Charlene: I don’t work in Georgia. But I do remember the first time I met Stacey Abrams.in Georgia …What I noticed about her then and I think what is continuing to happen now is her emphasis on relationship-building. And she built an organization to be a vehicle as a part of a broader ecosystem in the state of Georgia. And that organization has a very set focus, but it is in service of the work that was happening across the state. And those are not her words, but it is how I understand it, because what is the sake of the vote? It is not just to vote, but it is to create at minimum the kind of terrain we want, and at best conditions that we want to live within. And so Fair Fight Action does what it does. It doesn’t do what SONG, Mijente, New Georgia Project, do. There’s some overlap, but they have a very distinct mission. And so I think that that aids in their ability to do the organizing.

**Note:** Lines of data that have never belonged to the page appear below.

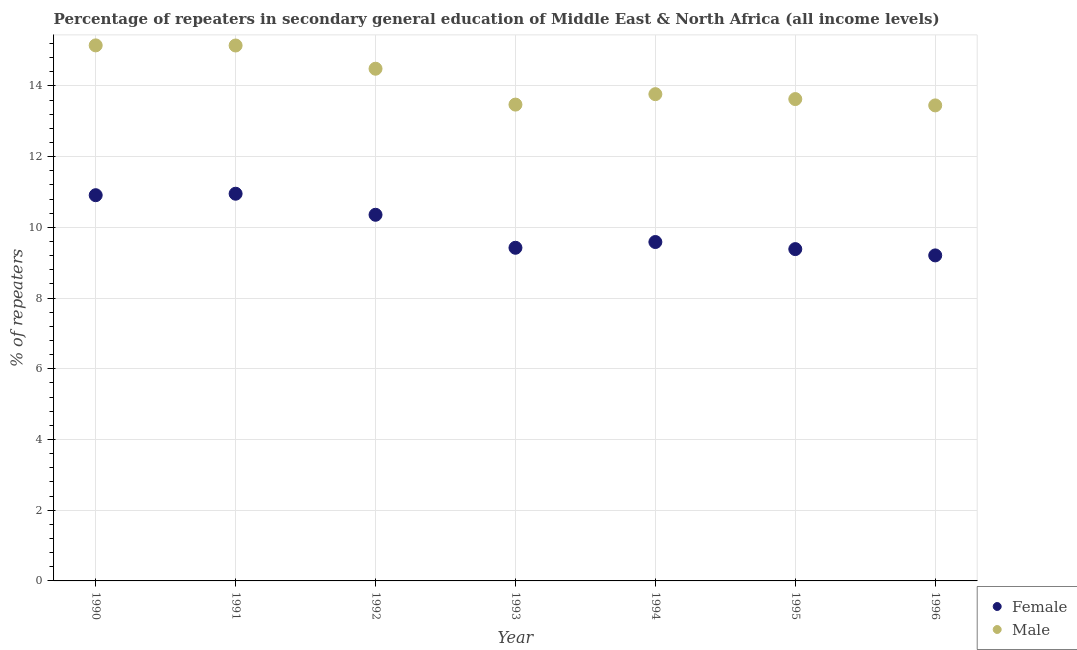How many different coloured dotlines are there?
Your answer should be very brief. 2. What is the percentage of male repeaters in 1994?
Your answer should be very brief. 13.77. Across all years, what is the maximum percentage of female repeaters?
Give a very brief answer. 10.95. Across all years, what is the minimum percentage of male repeaters?
Offer a terse response. 13.45. In which year was the percentage of female repeaters minimum?
Offer a terse response. 1996. What is the total percentage of female repeaters in the graph?
Your response must be concise. 69.83. What is the difference between the percentage of male repeaters in 1990 and that in 1993?
Make the answer very short. 1.68. What is the difference between the percentage of female repeaters in 1994 and the percentage of male repeaters in 1990?
Your answer should be very brief. -5.56. What is the average percentage of female repeaters per year?
Offer a terse response. 9.98. In the year 1994, what is the difference between the percentage of male repeaters and percentage of female repeaters?
Provide a short and direct response. 4.18. What is the ratio of the percentage of female repeaters in 1992 to that in 1996?
Your answer should be compact. 1.12. Is the percentage of male repeaters in 1993 less than that in 1996?
Offer a very short reply. No. Is the difference between the percentage of male repeaters in 1990 and 1996 greater than the difference between the percentage of female repeaters in 1990 and 1996?
Your answer should be compact. No. What is the difference between the highest and the second highest percentage of female repeaters?
Keep it short and to the point. 0.04. What is the difference between the highest and the lowest percentage of male repeaters?
Provide a succinct answer. 1.7. In how many years, is the percentage of female repeaters greater than the average percentage of female repeaters taken over all years?
Ensure brevity in your answer.  3. How many dotlines are there?
Provide a short and direct response. 2. How many years are there in the graph?
Your answer should be compact. 7. Where does the legend appear in the graph?
Give a very brief answer. Bottom right. How many legend labels are there?
Your answer should be very brief. 2. How are the legend labels stacked?
Offer a very short reply. Vertical. What is the title of the graph?
Your answer should be compact. Percentage of repeaters in secondary general education of Middle East & North Africa (all income levels). Does "Public credit registry" appear as one of the legend labels in the graph?
Provide a succinct answer. No. What is the label or title of the X-axis?
Your response must be concise. Year. What is the label or title of the Y-axis?
Give a very brief answer. % of repeaters. What is the % of repeaters in Female in 1990?
Your answer should be very brief. 10.91. What is the % of repeaters in Male in 1990?
Keep it short and to the point. 15.15. What is the % of repeaters in Female in 1991?
Offer a very short reply. 10.95. What is the % of repeaters in Male in 1991?
Provide a short and direct response. 15.15. What is the % of repeaters of Female in 1992?
Keep it short and to the point. 10.36. What is the % of repeaters of Male in 1992?
Make the answer very short. 14.49. What is the % of repeaters in Female in 1993?
Offer a very short reply. 9.42. What is the % of repeaters of Male in 1993?
Give a very brief answer. 13.47. What is the % of repeaters of Female in 1994?
Offer a very short reply. 9.59. What is the % of repeaters of Male in 1994?
Make the answer very short. 13.77. What is the % of repeaters of Female in 1995?
Make the answer very short. 9.39. What is the % of repeaters in Male in 1995?
Offer a very short reply. 13.63. What is the % of repeaters of Female in 1996?
Provide a short and direct response. 9.21. What is the % of repeaters of Male in 1996?
Provide a succinct answer. 13.45. Across all years, what is the maximum % of repeaters in Female?
Keep it short and to the point. 10.95. Across all years, what is the maximum % of repeaters in Male?
Give a very brief answer. 15.15. Across all years, what is the minimum % of repeaters in Female?
Offer a very short reply. 9.21. Across all years, what is the minimum % of repeaters of Male?
Your answer should be compact. 13.45. What is the total % of repeaters of Female in the graph?
Ensure brevity in your answer.  69.83. What is the total % of repeaters of Male in the graph?
Your answer should be very brief. 99.11. What is the difference between the % of repeaters in Female in 1990 and that in 1991?
Make the answer very short. -0.04. What is the difference between the % of repeaters of Male in 1990 and that in 1991?
Ensure brevity in your answer.  0. What is the difference between the % of repeaters in Female in 1990 and that in 1992?
Offer a very short reply. 0.55. What is the difference between the % of repeaters in Male in 1990 and that in 1992?
Ensure brevity in your answer.  0.66. What is the difference between the % of repeaters in Female in 1990 and that in 1993?
Provide a succinct answer. 1.49. What is the difference between the % of repeaters of Male in 1990 and that in 1993?
Your answer should be very brief. 1.68. What is the difference between the % of repeaters of Female in 1990 and that in 1994?
Make the answer very short. 1.32. What is the difference between the % of repeaters of Male in 1990 and that in 1994?
Your answer should be very brief. 1.38. What is the difference between the % of repeaters of Female in 1990 and that in 1995?
Offer a terse response. 1.52. What is the difference between the % of repeaters of Male in 1990 and that in 1995?
Keep it short and to the point. 1.52. What is the difference between the % of repeaters in Female in 1990 and that in 1996?
Provide a short and direct response. 1.7. What is the difference between the % of repeaters of Male in 1990 and that in 1996?
Provide a succinct answer. 1.7. What is the difference between the % of repeaters of Female in 1991 and that in 1992?
Offer a very short reply. 0.6. What is the difference between the % of repeaters of Male in 1991 and that in 1992?
Provide a succinct answer. 0.66. What is the difference between the % of repeaters in Female in 1991 and that in 1993?
Your response must be concise. 1.53. What is the difference between the % of repeaters in Male in 1991 and that in 1993?
Provide a short and direct response. 1.67. What is the difference between the % of repeaters of Female in 1991 and that in 1994?
Your response must be concise. 1.37. What is the difference between the % of repeaters in Male in 1991 and that in 1994?
Offer a terse response. 1.38. What is the difference between the % of repeaters in Female in 1991 and that in 1995?
Provide a succinct answer. 1.57. What is the difference between the % of repeaters of Male in 1991 and that in 1995?
Your answer should be very brief. 1.52. What is the difference between the % of repeaters of Female in 1991 and that in 1996?
Your answer should be very brief. 1.74. What is the difference between the % of repeaters in Male in 1991 and that in 1996?
Ensure brevity in your answer.  1.69. What is the difference between the % of repeaters in Female in 1992 and that in 1993?
Provide a succinct answer. 0.93. What is the difference between the % of repeaters in Male in 1992 and that in 1993?
Keep it short and to the point. 1.01. What is the difference between the % of repeaters in Female in 1992 and that in 1994?
Give a very brief answer. 0.77. What is the difference between the % of repeaters of Male in 1992 and that in 1994?
Your answer should be compact. 0.72. What is the difference between the % of repeaters in Male in 1992 and that in 1995?
Keep it short and to the point. 0.86. What is the difference between the % of repeaters in Female in 1992 and that in 1996?
Make the answer very short. 1.15. What is the difference between the % of repeaters of Male in 1992 and that in 1996?
Make the answer very short. 1.04. What is the difference between the % of repeaters of Female in 1993 and that in 1994?
Your answer should be compact. -0.16. What is the difference between the % of repeaters of Male in 1993 and that in 1994?
Make the answer very short. -0.3. What is the difference between the % of repeaters in Female in 1993 and that in 1995?
Offer a terse response. 0.04. What is the difference between the % of repeaters in Male in 1993 and that in 1995?
Your answer should be very brief. -0.16. What is the difference between the % of repeaters in Female in 1993 and that in 1996?
Offer a terse response. 0.22. What is the difference between the % of repeaters of Male in 1993 and that in 1996?
Keep it short and to the point. 0.02. What is the difference between the % of repeaters in Female in 1994 and that in 1995?
Ensure brevity in your answer.  0.2. What is the difference between the % of repeaters in Male in 1994 and that in 1995?
Give a very brief answer. 0.14. What is the difference between the % of repeaters in Female in 1994 and that in 1996?
Provide a short and direct response. 0.38. What is the difference between the % of repeaters in Male in 1994 and that in 1996?
Provide a succinct answer. 0.32. What is the difference between the % of repeaters of Female in 1995 and that in 1996?
Your answer should be very brief. 0.18. What is the difference between the % of repeaters of Male in 1995 and that in 1996?
Your response must be concise. 0.18. What is the difference between the % of repeaters in Female in 1990 and the % of repeaters in Male in 1991?
Ensure brevity in your answer.  -4.23. What is the difference between the % of repeaters in Female in 1990 and the % of repeaters in Male in 1992?
Give a very brief answer. -3.58. What is the difference between the % of repeaters of Female in 1990 and the % of repeaters of Male in 1993?
Offer a very short reply. -2.56. What is the difference between the % of repeaters in Female in 1990 and the % of repeaters in Male in 1994?
Give a very brief answer. -2.86. What is the difference between the % of repeaters in Female in 1990 and the % of repeaters in Male in 1995?
Make the answer very short. -2.72. What is the difference between the % of repeaters in Female in 1990 and the % of repeaters in Male in 1996?
Your response must be concise. -2.54. What is the difference between the % of repeaters in Female in 1991 and the % of repeaters in Male in 1992?
Give a very brief answer. -3.54. What is the difference between the % of repeaters in Female in 1991 and the % of repeaters in Male in 1993?
Make the answer very short. -2.52. What is the difference between the % of repeaters in Female in 1991 and the % of repeaters in Male in 1994?
Provide a short and direct response. -2.82. What is the difference between the % of repeaters in Female in 1991 and the % of repeaters in Male in 1995?
Your answer should be very brief. -2.68. What is the difference between the % of repeaters of Female in 1991 and the % of repeaters of Male in 1996?
Ensure brevity in your answer.  -2.5. What is the difference between the % of repeaters in Female in 1992 and the % of repeaters in Male in 1993?
Give a very brief answer. -3.12. What is the difference between the % of repeaters in Female in 1992 and the % of repeaters in Male in 1994?
Your answer should be very brief. -3.41. What is the difference between the % of repeaters of Female in 1992 and the % of repeaters of Male in 1995?
Provide a short and direct response. -3.27. What is the difference between the % of repeaters of Female in 1992 and the % of repeaters of Male in 1996?
Provide a short and direct response. -3.09. What is the difference between the % of repeaters in Female in 1993 and the % of repeaters in Male in 1994?
Keep it short and to the point. -4.35. What is the difference between the % of repeaters of Female in 1993 and the % of repeaters of Male in 1995?
Offer a very short reply. -4.21. What is the difference between the % of repeaters of Female in 1993 and the % of repeaters of Male in 1996?
Offer a very short reply. -4.03. What is the difference between the % of repeaters in Female in 1994 and the % of repeaters in Male in 1995?
Offer a very short reply. -4.04. What is the difference between the % of repeaters in Female in 1994 and the % of repeaters in Male in 1996?
Provide a short and direct response. -3.86. What is the difference between the % of repeaters of Female in 1995 and the % of repeaters of Male in 1996?
Provide a short and direct response. -4.06. What is the average % of repeaters of Female per year?
Offer a very short reply. 9.97. What is the average % of repeaters in Male per year?
Your response must be concise. 14.16. In the year 1990, what is the difference between the % of repeaters in Female and % of repeaters in Male?
Provide a short and direct response. -4.24. In the year 1991, what is the difference between the % of repeaters in Female and % of repeaters in Male?
Give a very brief answer. -4.19. In the year 1992, what is the difference between the % of repeaters in Female and % of repeaters in Male?
Provide a short and direct response. -4.13. In the year 1993, what is the difference between the % of repeaters of Female and % of repeaters of Male?
Your response must be concise. -4.05. In the year 1994, what is the difference between the % of repeaters of Female and % of repeaters of Male?
Give a very brief answer. -4.18. In the year 1995, what is the difference between the % of repeaters in Female and % of repeaters in Male?
Your response must be concise. -4.24. In the year 1996, what is the difference between the % of repeaters of Female and % of repeaters of Male?
Your answer should be compact. -4.24. What is the ratio of the % of repeaters in Female in 1990 to that in 1991?
Your answer should be compact. 1. What is the ratio of the % of repeaters of Male in 1990 to that in 1991?
Provide a succinct answer. 1. What is the ratio of the % of repeaters in Female in 1990 to that in 1992?
Provide a short and direct response. 1.05. What is the ratio of the % of repeaters in Male in 1990 to that in 1992?
Keep it short and to the point. 1.05. What is the ratio of the % of repeaters in Female in 1990 to that in 1993?
Offer a terse response. 1.16. What is the ratio of the % of repeaters in Male in 1990 to that in 1993?
Your response must be concise. 1.12. What is the ratio of the % of repeaters in Female in 1990 to that in 1994?
Offer a very short reply. 1.14. What is the ratio of the % of repeaters in Male in 1990 to that in 1994?
Offer a very short reply. 1.1. What is the ratio of the % of repeaters of Female in 1990 to that in 1995?
Make the answer very short. 1.16. What is the ratio of the % of repeaters in Male in 1990 to that in 1995?
Offer a terse response. 1.11. What is the ratio of the % of repeaters of Female in 1990 to that in 1996?
Provide a short and direct response. 1.18. What is the ratio of the % of repeaters of Male in 1990 to that in 1996?
Your response must be concise. 1.13. What is the ratio of the % of repeaters of Female in 1991 to that in 1992?
Ensure brevity in your answer.  1.06. What is the ratio of the % of repeaters of Male in 1991 to that in 1992?
Ensure brevity in your answer.  1.05. What is the ratio of the % of repeaters of Female in 1991 to that in 1993?
Your answer should be very brief. 1.16. What is the ratio of the % of repeaters in Male in 1991 to that in 1993?
Your response must be concise. 1.12. What is the ratio of the % of repeaters in Female in 1991 to that in 1994?
Your answer should be very brief. 1.14. What is the ratio of the % of repeaters in Male in 1991 to that in 1994?
Your answer should be very brief. 1.1. What is the ratio of the % of repeaters in Female in 1991 to that in 1995?
Make the answer very short. 1.17. What is the ratio of the % of repeaters in Male in 1991 to that in 1995?
Your answer should be compact. 1.11. What is the ratio of the % of repeaters of Female in 1991 to that in 1996?
Keep it short and to the point. 1.19. What is the ratio of the % of repeaters in Male in 1991 to that in 1996?
Ensure brevity in your answer.  1.13. What is the ratio of the % of repeaters of Female in 1992 to that in 1993?
Give a very brief answer. 1.1. What is the ratio of the % of repeaters of Male in 1992 to that in 1993?
Make the answer very short. 1.08. What is the ratio of the % of repeaters of Female in 1992 to that in 1994?
Ensure brevity in your answer.  1.08. What is the ratio of the % of repeaters of Male in 1992 to that in 1994?
Your answer should be compact. 1.05. What is the ratio of the % of repeaters in Female in 1992 to that in 1995?
Make the answer very short. 1.1. What is the ratio of the % of repeaters of Male in 1992 to that in 1995?
Provide a succinct answer. 1.06. What is the ratio of the % of repeaters in Female in 1992 to that in 1996?
Offer a very short reply. 1.12. What is the ratio of the % of repeaters of Male in 1992 to that in 1996?
Keep it short and to the point. 1.08. What is the ratio of the % of repeaters of Male in 1993 to that in 1994?
Provide a short and direct response. 0.98. What is the ratio of the % of repeaters of Female in 1993 to that in 1995?
Keep it short and to the point. 1. What is the ratio of the % of repeaters of Female in 1993 to that in 1996?
Keep it short and to the point. 1.02. What is the ratio of the % of repeaters in Male in 1993 to that in 1996?
Ensure brevity in your answer.  1. What is the ratio of the % of repeaters in Female in 1994 to that in 1995?
Your answer should be compact. 1.02. What is the ratio of the % of repeaters of Male in 1994 to that in 1995?
Provide a short and direct response. 1.01. What is the ratio of the % of repeaters in Female in 1994 to that in 1996?
Your response must be concise. 1.04. What is the ratio of the % of repeaters of Male in 1994 to that in 1996?
Offer a very short reply. 1.02. What is the ratio of the % of repeaters in Female in 1995 to that in 1996?
Your response must be concise. 1.02. What is the ratio of the % of repeaters in Male in 1995 to that in 1996?
Your answer should be compact. 1.01. What is the difference between the highest and the second highest % of repeaters of Female?
Provide a succinct answer. 0.04. What is the difference between the highest and the second highest % of repeaters of Male?
Your answer should be compact. 0. What is the difference between the highest and the lowest % of repeaters in Female?
Offer a very short reply. 1.74. What is the difference between the highest and the lowest % of repeaters of Male?
Your response must be concise. 1.7. 
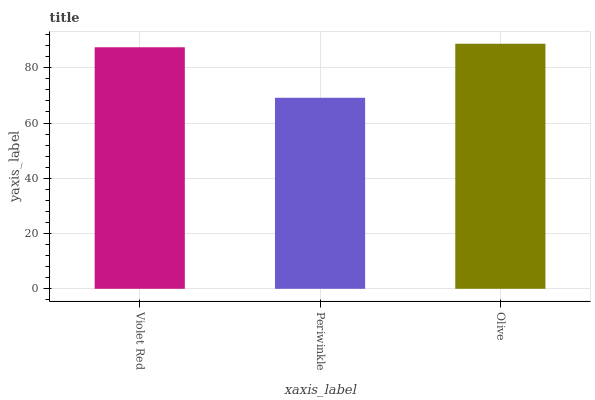Is Periwinkle the minimum?
Answer yes or no. Yes. Is Olive the maximum?
Answer yes or no. Yes. Is Olive the minimum?
Answer yes or no. No. Is Periwinkle the maximum?
Answer yes or no. No. Is Olive greater than Periwinkle?
Answer yes or no. Yes. Is Periwinkle less than Olive?
Answer yes or no. Yes. Is Periwinkle greater than Olive?
Answer yes or no. No. Is Olive less than Periwinkle?
Answer yes or no. No. Is Violet Red the high median?
Answer yes or no. Yes. Is Violet Red the low median?
Answer yes or no. Yes. Is Olive the high median?
Answer yes or no. No. Is Periwinkle the low median?
Answer yes or no. No. 
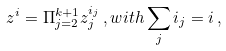<formula> <loc_0><loc_0><loc_500><loc_500>z ^ { i } = \Pi _ { j = 2 } ^ { k + 1 } z _ { j } ^ { i _ { j } } \, , w i t h \sum _ { j } i _ { j } = i \, ,</formula> 
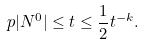Convert formula to latex. <formula><loc_0><loc_0><loc_500><loc_500>\ p { | N ^ { 0 } | \leq t } \leq \frac { 1 } { 2 } t ^ { - k } .</formula> 
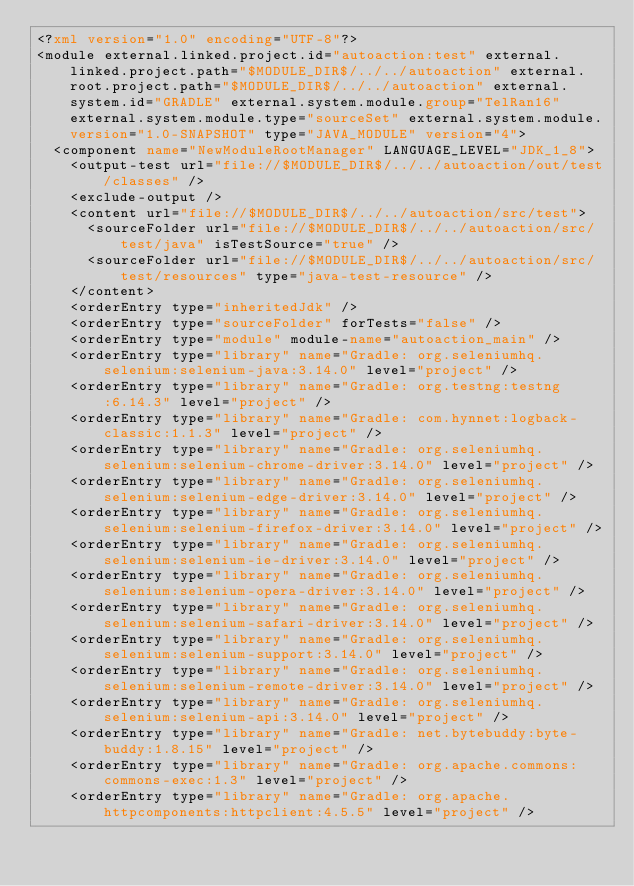Convert code to text. <code><loc_0><loc_0><loc_500><loc_500><_XML_><?xml version="1.0" encoding="UTF-8"?>
<module external.linked.project.id="autoaction:test" external.linked.project.path="$MODULE_DIR$/../../autoaction" external.root.project.path="$MODULE_DIR$/../../autoaction" external.system.id="GRADLE" external.system.module.group="TelRan16" external.system.module.type="sourceSet" external.system.module.version="1.0-SNAPSHOT" type="JAVA_MODULE" version="4">
  <component name="NewModuleRootManager" LANGUAGE_LEVEL="JDK_1_8">
    <output-test url="file://$MODULE_DIR$/../../autoaction/out/test/classes" />
    <exclude-output />
    <content url="file://$MODULE_DIR$/../../autoaction/src/test">
      <sourceFolder url="file://$MODULE_DIR$/../../autoaction/src/test/java" isTestSource="true" />
      <sourceFolder url="file://$MODULE_DIR$/../../autoaction/src/test/resources" type="java-test-resource" />
    </content>
    <orderEntry type="inheritedJdk" />
    <orderEntry type="sourceFolder" forTests="false" />
    <orderEntry type="module" module-name="autoaction_main" />
    <orderEntry type="library" name="Gradle: org.seleniumhq.selenium:selenium-java:3.14.0" level="project" />
    <orderEntry type="library" name="Gradle: org.testng:testng:6.14.3" level="project" />
    <orderEntry type="library" name="Gradle: com.hynnet:logback-classic:1.1.3" level="project" />
    <orderEntry type="library" name="Gradle: org.seleniumhq.selenium:selenium-chrome-driver:3.14.0" level="project" />
    <orderEntry type="library" name="Gradle: org.seleniumhq.selenium:selenium-edge-driver:3.14.0" level="project" />
    <orderEntry type="library" name="Gradle: org.seleniumhq.selenium:selenium-firefox-driver:3.14.0" level="project" />
    <orderEntry type="library" name="Gradle: org.seleniumhq.selenium:selenium-ie-driver:3.14.0" level="project" />
    <orderEntry type="library" name="Gradle: org.seleniumhq.selenium:selenium-opera-driver:3.14.0" level="project" />
    <orderEntry type="library" name="Gradle: org.seleniumhq.selenium:selenium-safari-driver:3.14.0" level="project" />
    <orderEntry type="library" name="Gradle: org.seleniumhq.selenium:selenium-support:3.14.0" level="project" />
    <orderEntry type="library" name="Gradle: org.seleniumhq.selenium:selenium-remote-driver:3.14.0" level="project" />
    <orderEntry type="library" name="Gradle: org.seleniumhq.selenium:selenium-api:3.14.0" level="project" />
    <orderEntry type="library" name="Gradle: net.bytebuddy:byte-buddy:1.8.15" level="project" />
    <orderEntry type="library" name="Gradle: org.apache.commons:commons-exec:1.3" level="project" />
    <orderEntry type="library" name="Gradle: org.apache.httpcomponents:httpclient:4.5.5" level="project" /></code>

And the second part of that is the coalition that was built from her gubernatorial campaign. That has carried over. She should be Governor of Georgia right now. She would be Governor of Georgia if it weren’t for voter suppression. And so the organizing that she and her people have done since … all allows people to still be willing to show up and be in relationship with Stacey Abrams and Fair Fight Action.

Nyasha: What would you do now if you were Stacey?

Charlene: I’d go back for what I want. If she still wants to be Governor, if I were her I’d do that. But I’d also sit down somewhere and read a book. She also deserves rest.

Nyasha: We have also seen so many people coming in from the margins – and organizers in the South in particular – coming in and changing conversations around gender, reproductive justice, prison conditions, racial justice, to make the narrative reflect a broader reality. And now there is this lip service to inclusion. But we are not there yet. Are there unique opportunities now for the kind of leadership coming out of the BOLD network?

Charlene: All of the things that we have been trained in and practicing in BOLD – if people haven’t practiced it in their lives, now is the time to do it. It wasn’t just a rhetorical exercise. We weren’t just working toward embodiment for the sake of it looking good. We need to be taking time to reflect and take into action the things we have learned, the things that we have practiced, because they actually work. 

We see a lot of that in movement now. What I remain concerned about is how we relate to one-another, and so what practices can we glean or take up and enhance that we’ve learned from BOLD in how we treat each-other… and so how we are is really important to me. Because if we are talking about building this world beyond carcerality and beyond prison and police and punishment, now is the time to practice how we want to be with each-other. How are we practicing the things that we’ve learned not only in our organizations but in our friendships, in our intimate relationships, and with our neighbors? It’s very hard to put into practice what we say we say we believe in. I think it’s actually Mariame Kaba, who said our work should be to try to narrow the space between our values and actions. How can we continue to do work to narrow the space between these two things?

Nyasha: What do you see on the horizon for your work?

Charlene: I’m trying to learn how to be responsible with both the things I learned from movement and the things I’m learning from the academy. I could easily live-tweet classes or everything that I’m reading. But I think that’s really irresponsible. Because it’s not the same thing. Just as it would be irresponsible to bring movement into the academy – it doesn’t evenly translate. And so for me it’s figuring out what I want my work to look like over this next phase of my life. And I want to continue to create things that honor Black people’s history and fullness with all its contradictions. And to create things that are beautiful. That’s what I’m out for. And that’s a part of my commitment that I’m continuing to work within.